The approaches are distinct from many AI initiatives, which concentrate on creating a reliable “ground truth” model of reality that is utilized to generate decisions—and in doing so, firmly incorporate the bias of its developers.
“In AI research, there is a growing realization that to build human-compatible systems, we need new research methods in which humans and agents interact, and an increased effort to learn values directly from humans to build value-aligned AI,” the researchers wrote. “Instead of imbuing our agents with purportedly human values a priori, and thus potentially biasing systems towards the preferences of AI researchers, we train them to maximize a democratic objective: to design policies that humans prefer and thus will vote to implement in a majoritarian election.”
Of course, we do not need artificial intelligence to demonstrate that there are sustainable ways to live. On a smaller scale, mutual aid and resource-sharing groups in communities have always existed. Scientific proof also supports the idea that people are inherently inclined toward cooperation, sharing, and achieving wealth for all, in contrast to the dogma of hyper-competitive capitalism.
Although human evaluators favored the AI’s system, this does not necessarily imply that it would equally serve human demands on a broader scale. The experiment is not a radical suggestion for AI-based government, the researchers are eager to point out; rather, it is a framework for further investigation into the potential applications of AI to public policy.

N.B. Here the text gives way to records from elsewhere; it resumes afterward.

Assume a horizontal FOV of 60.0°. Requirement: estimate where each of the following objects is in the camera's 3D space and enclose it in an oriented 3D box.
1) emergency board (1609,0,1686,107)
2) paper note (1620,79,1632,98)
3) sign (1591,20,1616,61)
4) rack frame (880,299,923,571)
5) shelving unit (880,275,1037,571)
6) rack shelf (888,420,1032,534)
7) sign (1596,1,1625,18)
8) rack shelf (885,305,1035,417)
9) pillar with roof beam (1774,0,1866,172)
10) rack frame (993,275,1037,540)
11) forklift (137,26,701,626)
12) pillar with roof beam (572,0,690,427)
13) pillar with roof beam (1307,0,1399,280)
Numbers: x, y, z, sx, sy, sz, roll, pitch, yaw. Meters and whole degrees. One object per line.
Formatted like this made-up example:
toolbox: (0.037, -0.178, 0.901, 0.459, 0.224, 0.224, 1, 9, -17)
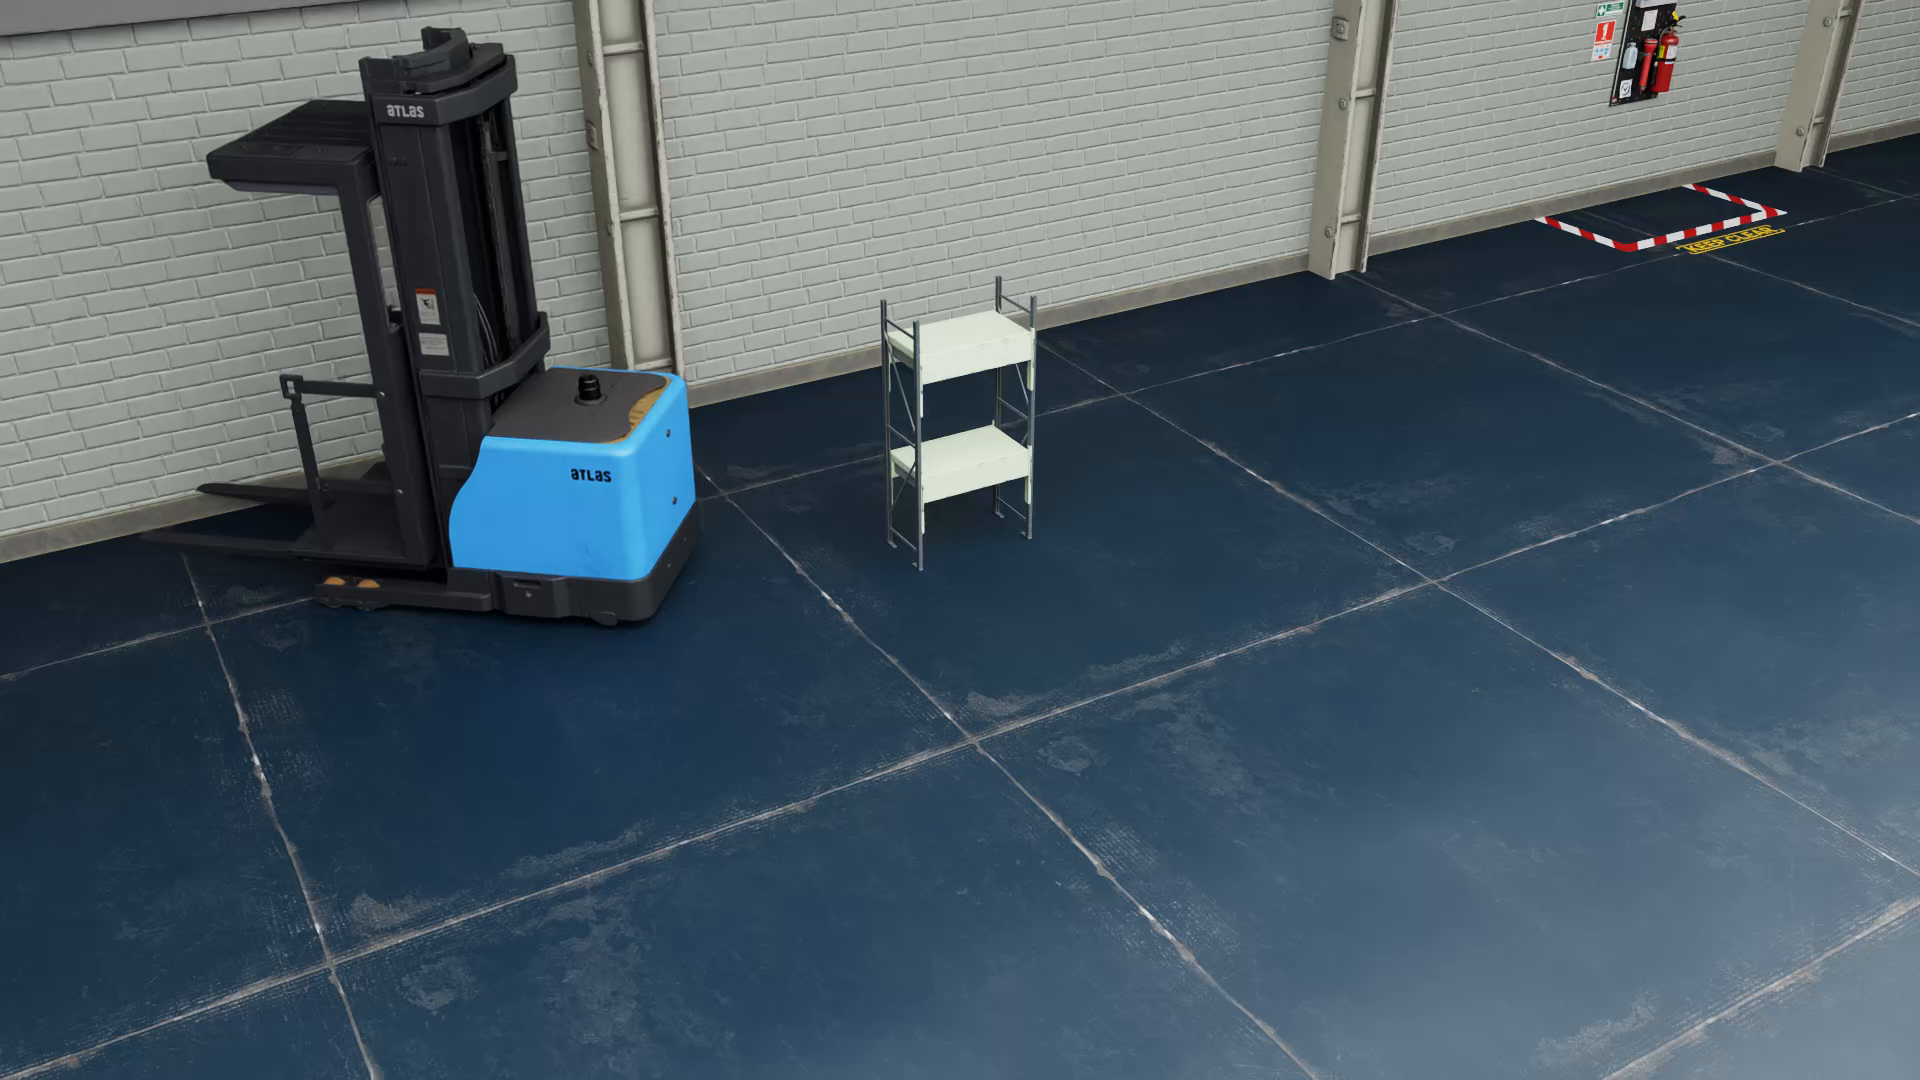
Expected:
emergency board: (6.143, -4.436, 14.683, 0.643, 1.169, 0.194, -16, 33, -26)
paper note: (5.956, -4.035, 14.869, 0.142, 0.148, 0.016, -16, 33, -26)
sign: (5.614, -4.359, 14.507, 0.234, 0.329, 0.001, -16, 33, -26)
rack frame: (-0.321, -0.565, 9.222, 0.023, 1.500, 0.400, -16, 33, -26)
shelving unit: (-0.006, -0.655, 9.385, 0.755, 1.500, 0.431, -16, 33, -26)
rack shelf: (-0.006, -0.370, 9.542, 0.720, 0.370, 0.431, -16, 33, -26)
sign: (5.623, -4.588, 14.374, 0.331, 0.109, 0.001, -16, 33, -26)
rack shelf: (-0.006, -0.997, 9.196, 0.720, 0.370, 0.431, -16, 33, -26)
pillar with roof beam: (10.474, -5.858, 11.051, 0.400, 9.000, 9.100, -16, 33, -26)
rack frame: (0.310, -0.745, 9.547, 0.023, 1.500, 0.400, -16, 33, -26)
forklift: (-3.063, -1.145, 8.792, 3.031, 2.935, 1.130, 4, 29, 8)
pillar with roof beam: (0.128, -2.920, 5.728, 0.400, 9.000, 9.100, -16, 33, -26)
pillar with roof beam: (5.301, -4.389, 8.390, 0.400, 9.000, 9.100, -16, 33, -26)

“This is fundamental research asking questions about how an AI can be aligned with a whole group of humans and how to model and represent humans in simulations, explored in a toy domain,” Jan Balaguer, a DeepMind researcher who co-authored the paper, told Motherboard. “Many of the problems that humans face are not merely technological but require us to coordinate in society and in our economies for the greater good. For AI to be able to help, it needs to learn directly about human values.”